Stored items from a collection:
= = = =

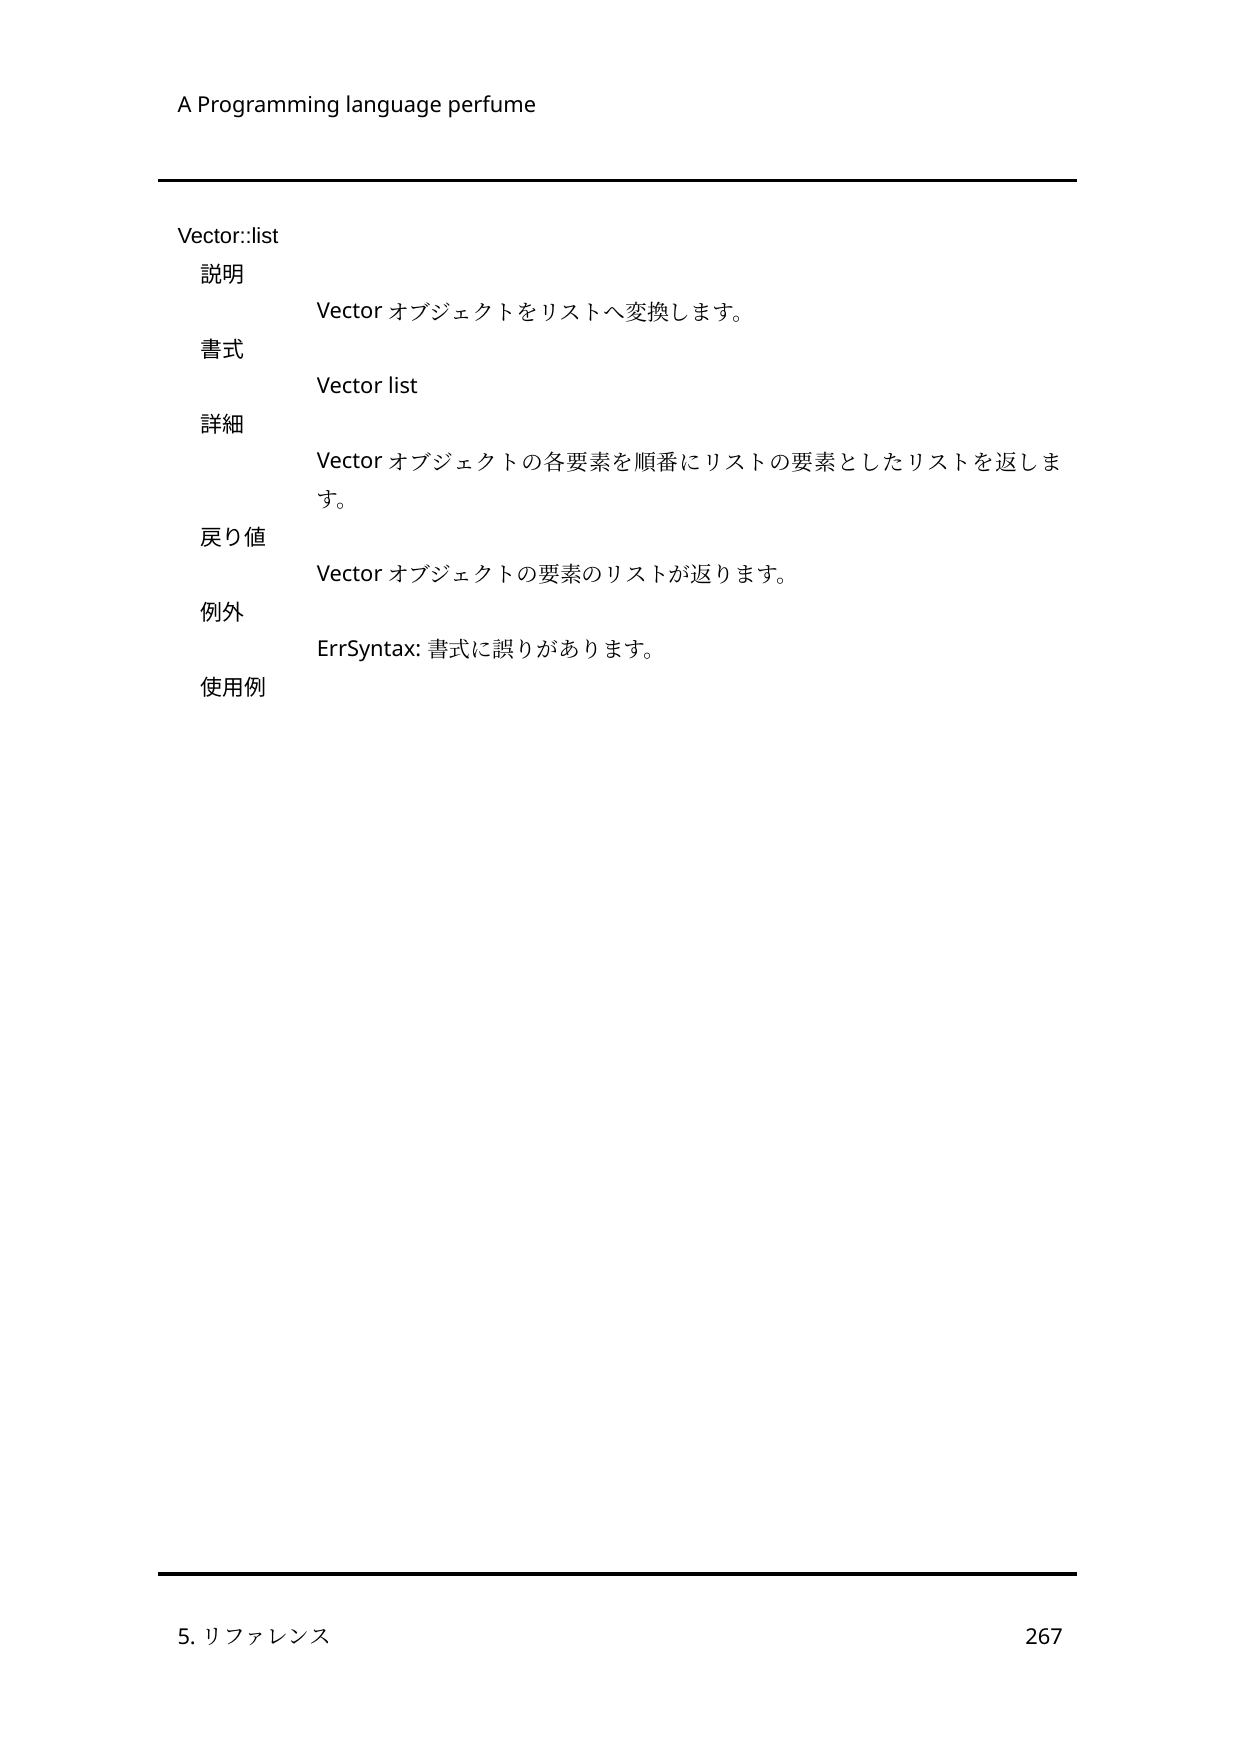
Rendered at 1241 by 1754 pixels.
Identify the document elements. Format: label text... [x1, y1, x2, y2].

table_cell [317, 667, 1063, 742]
subtitle Vector::list [177, 217, 1063, 254]
table_cell 書式 [200, 329, 317, 404]
table_header Vectorオブジェクトをリストへ変換します。 [317, 254, 1063, 329]
table_cell 詳細 [200, 404, 317, 517]
table_cell Vectorオブジェクトの要素のリストが返ります。 [317, 517, 1063, 592]
table_cell ErrSyntax: 書式に誤りがあります。 [317, 592, 1063, 667]
table_cell Vectorオブジェクトの各要素を順番にリストの要素としたリストを返します。 [317, 404, 1063, 517]
table_cell 例外 [200, 592, 317, 667]
table_header 説明 [200, 254, 317, 329]
table_cell Vector list [317, 329, 1063, 404]
table_cell 使用例 [200, 667, 317, 742]
table_cell 戻り値 [200, 517, 317, 592]
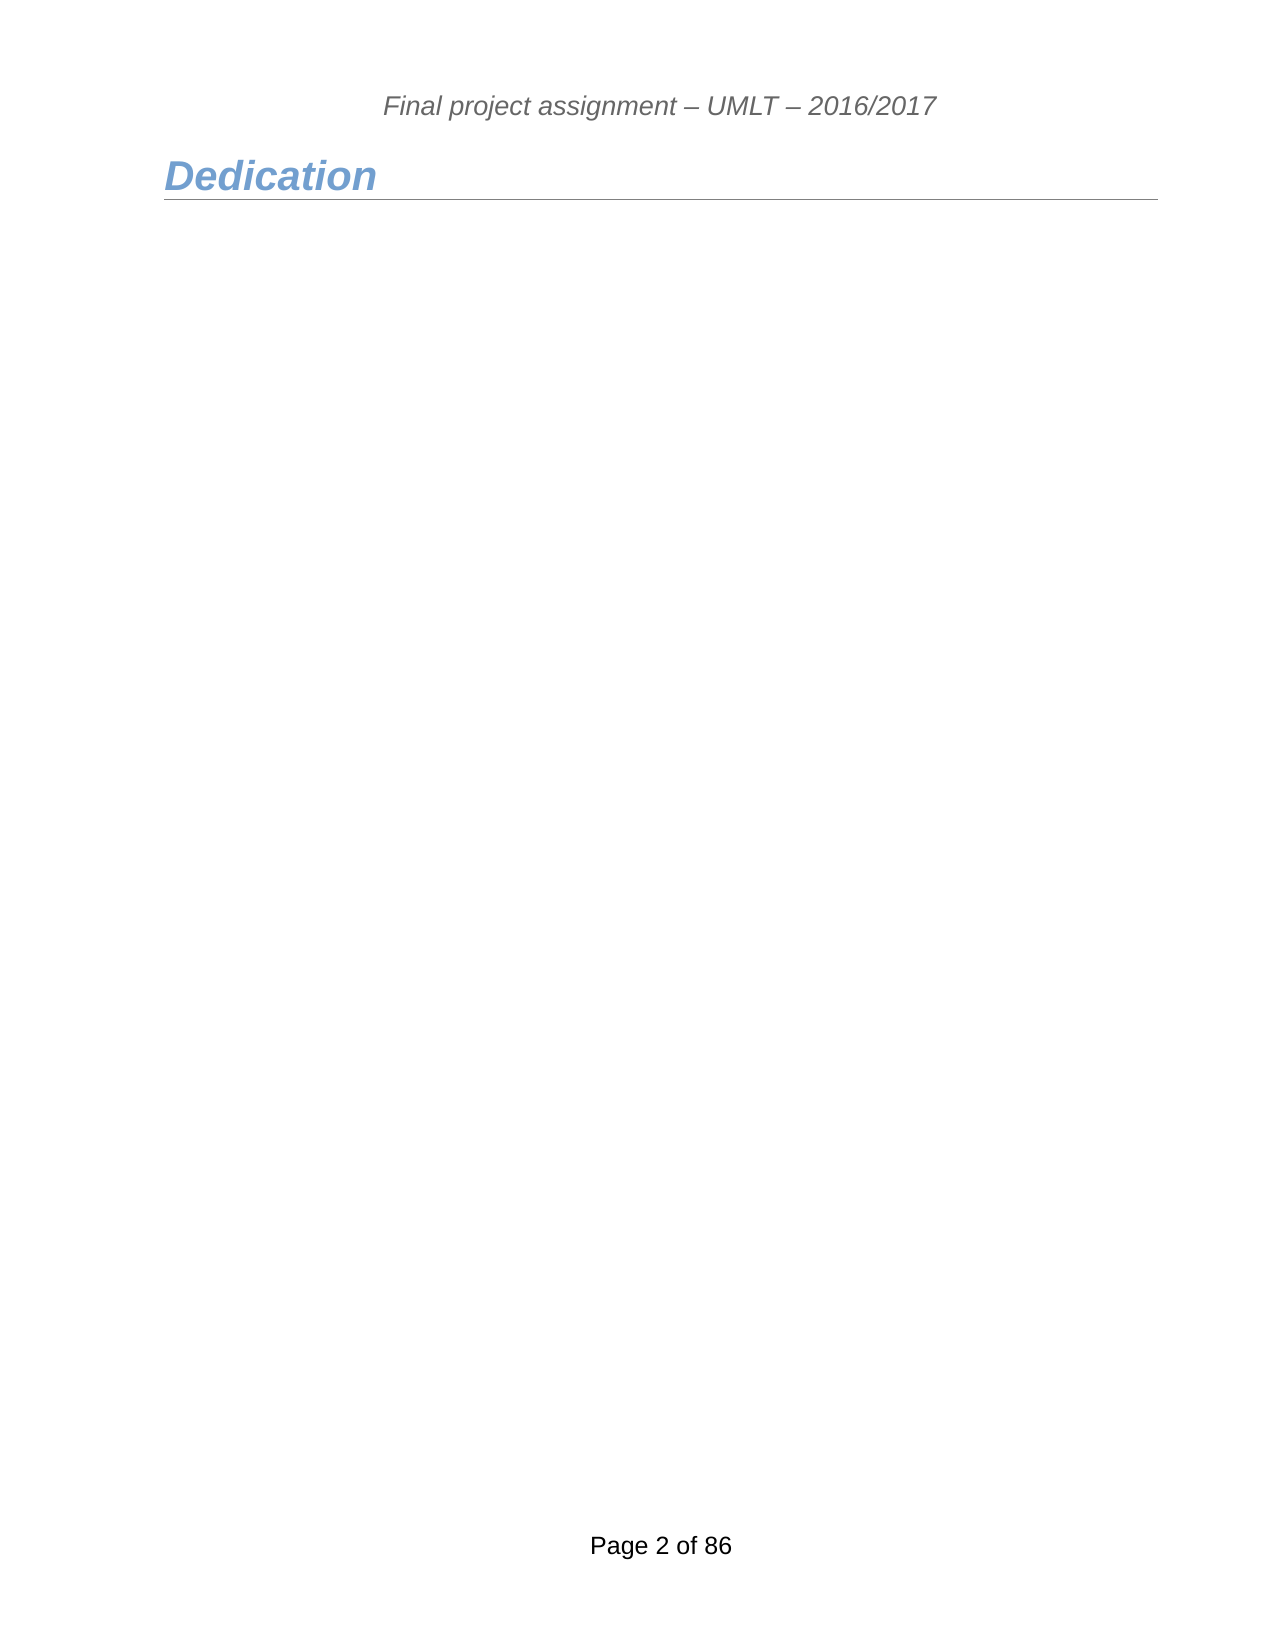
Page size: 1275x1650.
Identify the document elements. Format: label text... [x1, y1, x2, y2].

text Dedication [164, 151, 1158, 199]
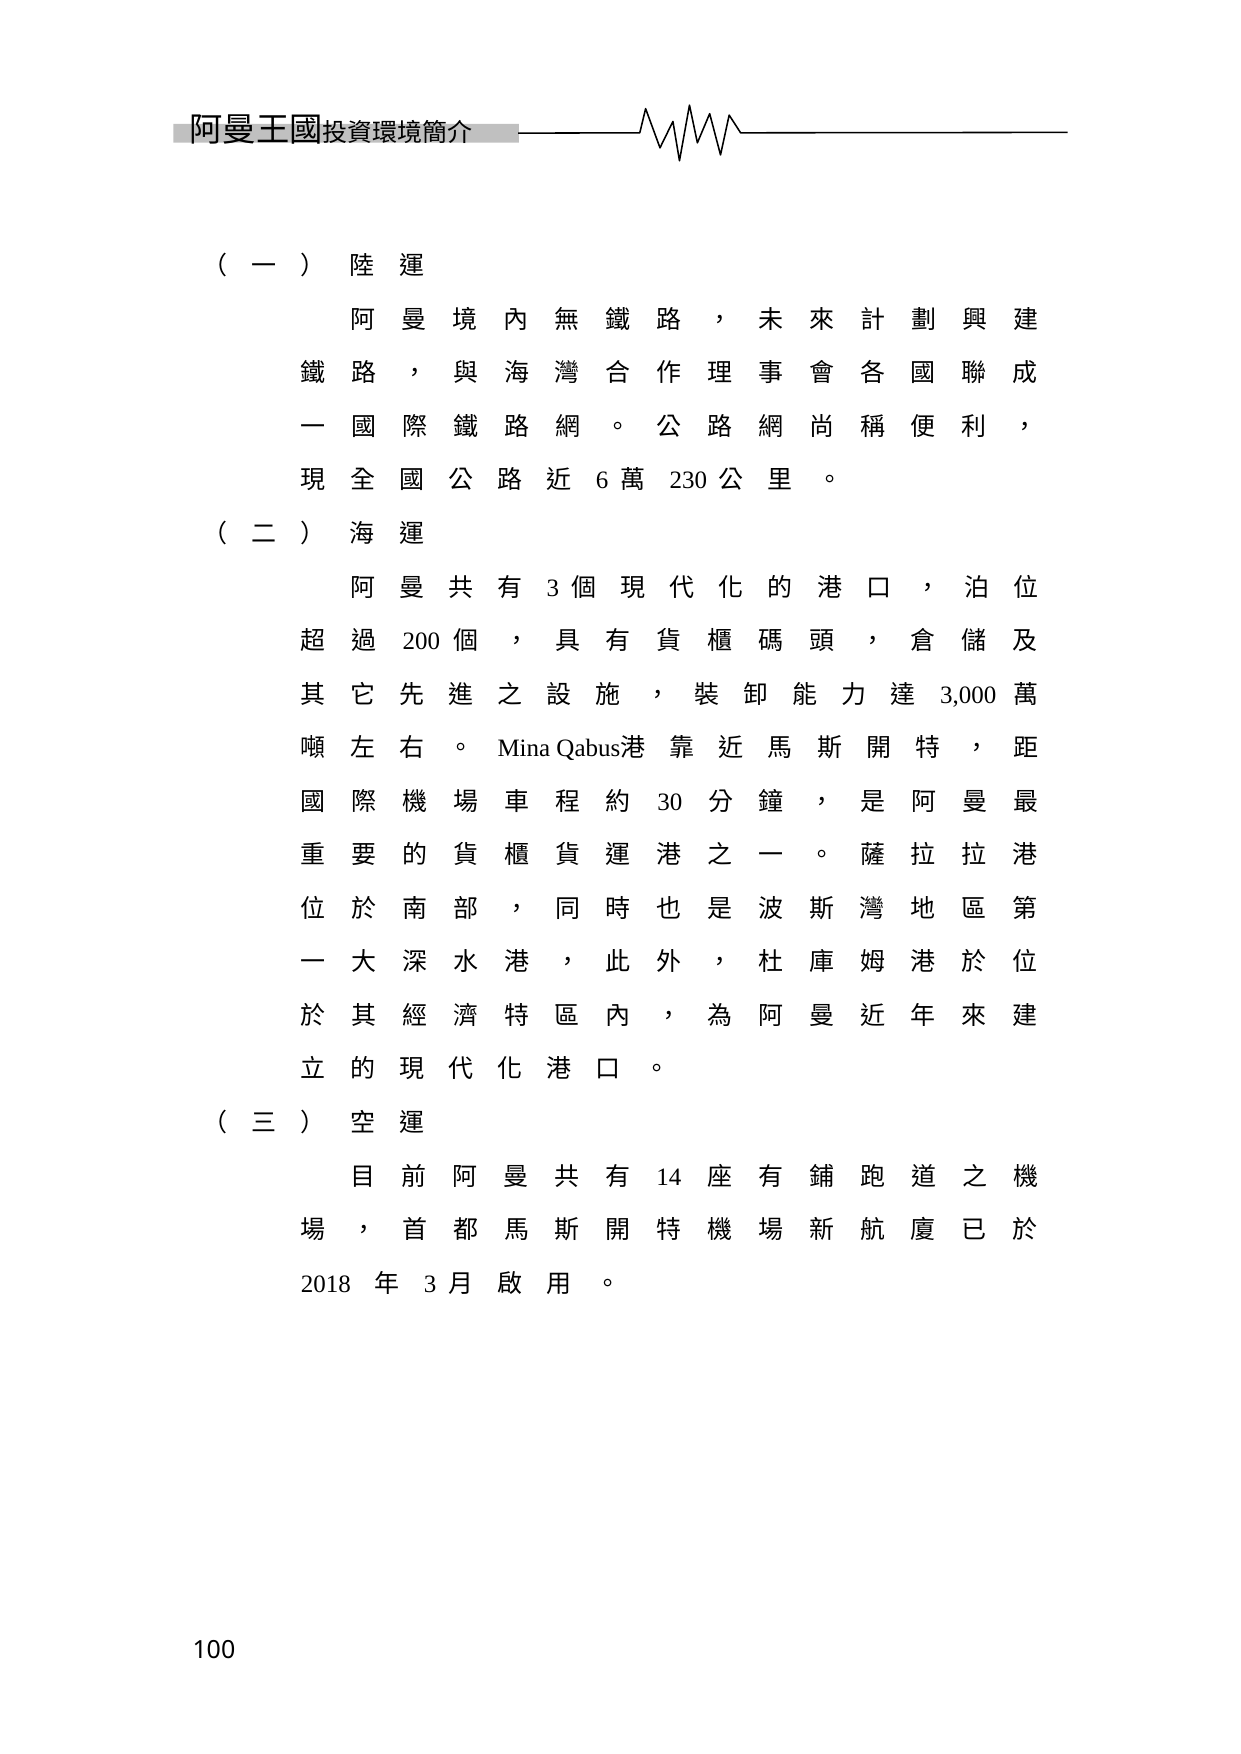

= = = =

Work to complete: When you write out the data, keep every line exact and drop the pictures.

Output of the task:
Rendered at 1241 by 1754 pixels.
Identify the document elements. Format: label text... [x1, y1, x2, y2].

table_cell [317, 667, 1063, 742]
subtitle Vector::list [177, 217, 1063, 254]
table_cell 書式 [200, 329, 317, 404]
table_header Vectorオブジェクトをリストへ変換します。 [317, 254, 1063, 329]
table_cell 詳細 [200, 404, 317, 517]
table_cell Vectorオブジェクトの要素のリストが返ります。 [317, 517, 1063, 592]
table_cell ErrSyntax: 書式に誤りがあります。 [317, 592, 1063, 667]
table_cell Vectorオブジェクトの各要素を順番にリストの要素としたリストを返します。 [317, 404, 1063, 517]
table_cell 例外 [200, 592, 317, 667]
table_header 説明 [200, 254, 317, 329]
table_cell Vector list [317, 329, 1063, 404]
table_cell 使用例 [200, 667, 317, 742]
table_cell 戻り値 [200, 517, 317, 592]
Page size: 1275x1650.
Identify the document elements. Format: label text... [x1, y1, x2, y2].

text Dedication [164, 151, 1158, 199]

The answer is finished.